CommentInsight & Opinion
2017-04-06
Kevin Rafferty says new restrictions imposed by the US and Britain in fact offer little defence, and raise questions about the security measures already in place

Perennially insecure security officials in the US, followed closely by the UK, recently introduced new restrictions preventing passengers on certain flights from taking any electronic items larger than a mobile phone into an aircraft cabin.

If they were adopted worldwide, they would effectively kill the idea of being able to stay connected while airborne, and would make doing business when travelling almost impossible. The looming question is whether security officials are so terrified by the shadows of terrorists that they risk creating more damage than terrorists ever could.

So far, the restrictions only apply to flights to the US and the UK from certain Muslim-majority Middle Eastern and North African countries. A cynic might wonder about the potentially dangerous concoction of security, insecurity and political posturing involved in the ban.

The US version says that consumer electronics bigger than mobile phones cannot be taken as hand luggage on flights from 10 airports, served by nine foreign airlines. The UK is more selective, targeting six countries, four of which are on the US list – Egypt, Jordan, Saudi Arabia and Turkey – and adding Lebanon and Tunisia.

Inconsistencies scream out from both governments’ actions. America’s Transportation Security Administration (TSA) cited the changed threat environment as a rationale for the new measures, but suggested that there was no specific threat of an imminent attack.

These new rules conflict with Federal Aviation Administration instructions that lithium batteries that power most electronic devices must be carried in the cabin. Having numerous lithium-battery-powered devices in an aircraft hold is potentially hazardous – even before terrorists find ways of triggering devices remotely.

An allied concern for business travellers is being separated from their computers, which often contain sensitive information. For years, the TSA has issued strict instructions to passengers not to put valuables into checked baggage for fear of theft or damage – yet now they are insisting that such items are checked in.

Such a selective ban also fails to respect the ingenuity of terrorists, who are surely smart enough to fly from one of the banned airports to Paris, Amsterdam, London, or even Hong Kong, and from there to take a US airline to America.
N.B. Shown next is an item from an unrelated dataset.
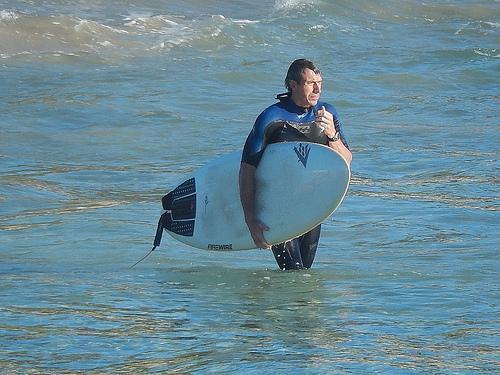How many people are in the picture?
Give a very brief answer. 1. 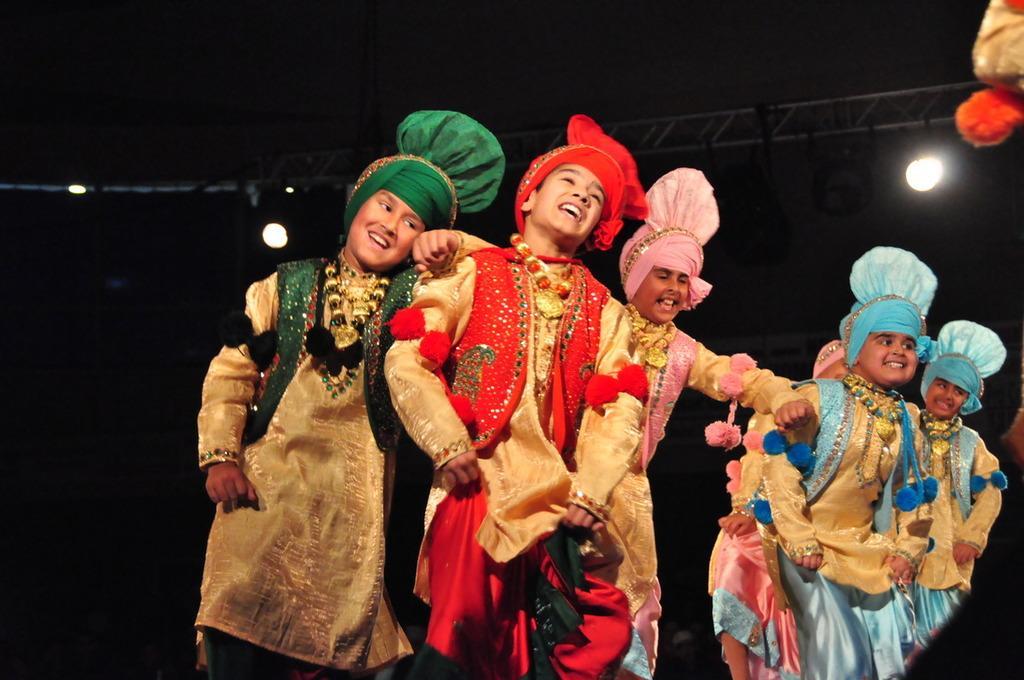Can you describe this image briefly? In this image, we can see kids are wearing costumes. Few kids are smiling. Background there is a dark view. Here we can see rods and lights.

If hand-carried electronics are a danger on a flight from the Middle East, they are a potential danger on any flight.

So what is going on? Air passengers regularly have to endure strict security, including half undressing, getting rid of liquids, and separate inspections of computers and electronics. Are all the expensive machines and layers of security staff nothing but a useless show?

Security officials do take their work seriously. Hong Kong’s aviation security is exemplary. I have also been stopped at Osaka Kansai airport and asked about the house keys in my hand luggage; at Delhi, a purse of small coins baffled the scanning machine; and at Washington Dulles, I had to undergo a physical pat-down even after going through the full-body scanner because the machine could not cope with the sweat on my back in the 40-degree Celsius heat.

Airports, of course, consist of more than just passenger terminals, with immense luggage, maintenance and catering areas and thousands of staff – so eliminating terrorist passengers would still not guarantee safety in the air without top-class security elsewhere. It should be worrying to everyone who travels that, in spite of the panoply of expensive equipment and layers of checks, security officials are still so insecure.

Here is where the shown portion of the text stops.